A Glass Box of Emotion

So it’s a Sunday, I’m just about sobered up/rehydrated/caught up on sleep from the last few days and I think Jenna Jameson’s contribution to philosophy may be slightly under appreciated. Probably.

I’ve not written anything for a little while and that’s not very good. There are a number of reasons for this. For not having written that is, it not being very good is just an objective assessment against the goal, which is to write stuff. That tangent actually illustrates one of the first points, I get distracted very easily. 

I’ll often have half a dozen different thoughts or ideas running rampant inside my head. Ask me what I’m thinking some time, see how absurd the rabbit hole goes. These are often fleeting and trivial, something I’ve read or watched piquing enough interest to warrant a second or third thought. Maybe funny, maybe sad but probably provocative in some way. Individually these thoughts don’t tend to be that significant, but recently I’ve realised that they give a pretty good indication of my mental state generally.

If there is any sort of coherence or pattern to these thoughts, recurring patterns or features, then the chances are that I’m facing a problem that I’m actually having to put some thought into. I don’t say this to suggest that I don’t have to think about problems often, more that I often don’t. I tend to process information pretty quickly and for better or worse reach a conclusion at near enough the same time.
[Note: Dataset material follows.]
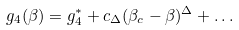<formula> <loc_0><loc_0><loc_500><loc_500>g _ { 4 } ( \beta ) = g _ { 4 } ^ { * } + c _ { \Delta } ( \beta _ { c } - \beta ) ^ { \Delta } + \dots</formula> 
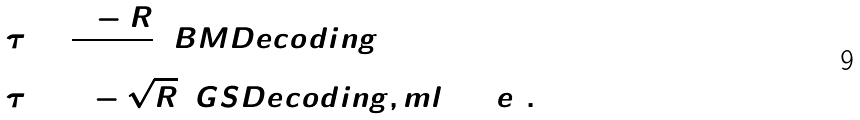<formula> <loc_0><loc_0><loc_500><loc_500>& \tau = \frac { 1 - R } { 2 } \, ( B M D e c o d i n g ) \\ & \tau = 1 - \sqrt { R } \, ( G S D e c o d i n g , m l \arg e ) .</formula>

In the absence of new facts or information, I’m unlikely to change my mind. 

When I do have to think about a problem, I rarely come to the answer by thinking about the problem directly. I’ll think about things that are in the same generally ballpark, wander mental pathways that lead in similar directions and then hopefully stumble across the pathway that leads to the ‘right’ answer. Doesn’t always flow that smoothly, but when it does I tend to be pretty certain in my conclusion. Problem solving, the Alex Turner way, not recommended for anyone with sense.

The alternatives to thinking around a single subject are thinking about many disparate subjects or thinking about literally nothing at all. Not wanting to spark a gender debate, but most men I’ve suggested the latter to have accepted it with a knowing nod where any woman that’s actually cared about the answer has been baffled by the concept. 
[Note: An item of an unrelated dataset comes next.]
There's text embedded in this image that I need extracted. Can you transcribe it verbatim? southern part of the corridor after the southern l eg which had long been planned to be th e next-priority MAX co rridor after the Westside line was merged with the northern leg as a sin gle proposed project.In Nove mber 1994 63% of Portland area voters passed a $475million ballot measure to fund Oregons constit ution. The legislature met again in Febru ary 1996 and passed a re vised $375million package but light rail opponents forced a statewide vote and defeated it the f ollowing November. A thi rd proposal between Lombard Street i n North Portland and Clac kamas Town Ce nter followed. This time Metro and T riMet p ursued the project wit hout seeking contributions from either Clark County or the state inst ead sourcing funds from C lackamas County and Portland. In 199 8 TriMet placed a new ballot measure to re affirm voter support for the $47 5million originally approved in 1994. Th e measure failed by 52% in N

I tend to think that my mind knows itself a lot better than I do. Assuming I haven’t actually had a psychotic break, this functionally means that sometimes I just leave it to do its own thing. By not pushing towards or focusing on any particular thing, it is free to take its time to settle on a subject of significance. Some of my best epiphany moments have arrived in this way. 
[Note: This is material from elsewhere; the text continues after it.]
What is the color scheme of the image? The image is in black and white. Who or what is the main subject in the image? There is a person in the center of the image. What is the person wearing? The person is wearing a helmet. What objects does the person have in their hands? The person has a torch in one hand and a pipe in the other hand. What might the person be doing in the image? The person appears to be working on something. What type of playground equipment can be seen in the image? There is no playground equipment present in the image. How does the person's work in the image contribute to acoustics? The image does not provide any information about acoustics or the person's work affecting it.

If I find myself thinking about a wide array of subjects it broadly tends to be for one of two reasons. The first and easiest to deal with is the simple fact that I’m bored. I like an intellectual challenge and pushing myself towards a goal, and sometimes I find myself without one. I think about stuff to literally fill the space and time in my head. This is where unconnected thoughts connect in my head to produce some of my more questionable or interesting ideas. 

The other scenarios in which I find myself thinking in this way are those where I have absolutely no frame of reference for what is happening and I feel a bit lost. This tends to be an exploratory thought process, my mind casting about itself for something that it knows, some fixed point upon which to start building a response. This is often where I’ll find myself falling down. I’ll start trying to respond to an issue from completely the wrong place. This tends to make for either a funny story or a bitter learning experience. It’s a coin toss which it will be for any given situation. Either way, it will be something new that gets added into the swirling morass of broken thoughts and half ideas that I’ll use to Frankenstein together my emotional response to later issues. 

So next time will shed some light onto how I learn new things and the idea of being a beginner. But for now I hope you’ve enjoyed this glimpse into the workings of my brain as much as I’ve enjoyed articulating it. If not, hard cheese. As always thoughts, tangents and lecherous material welcome in the comments.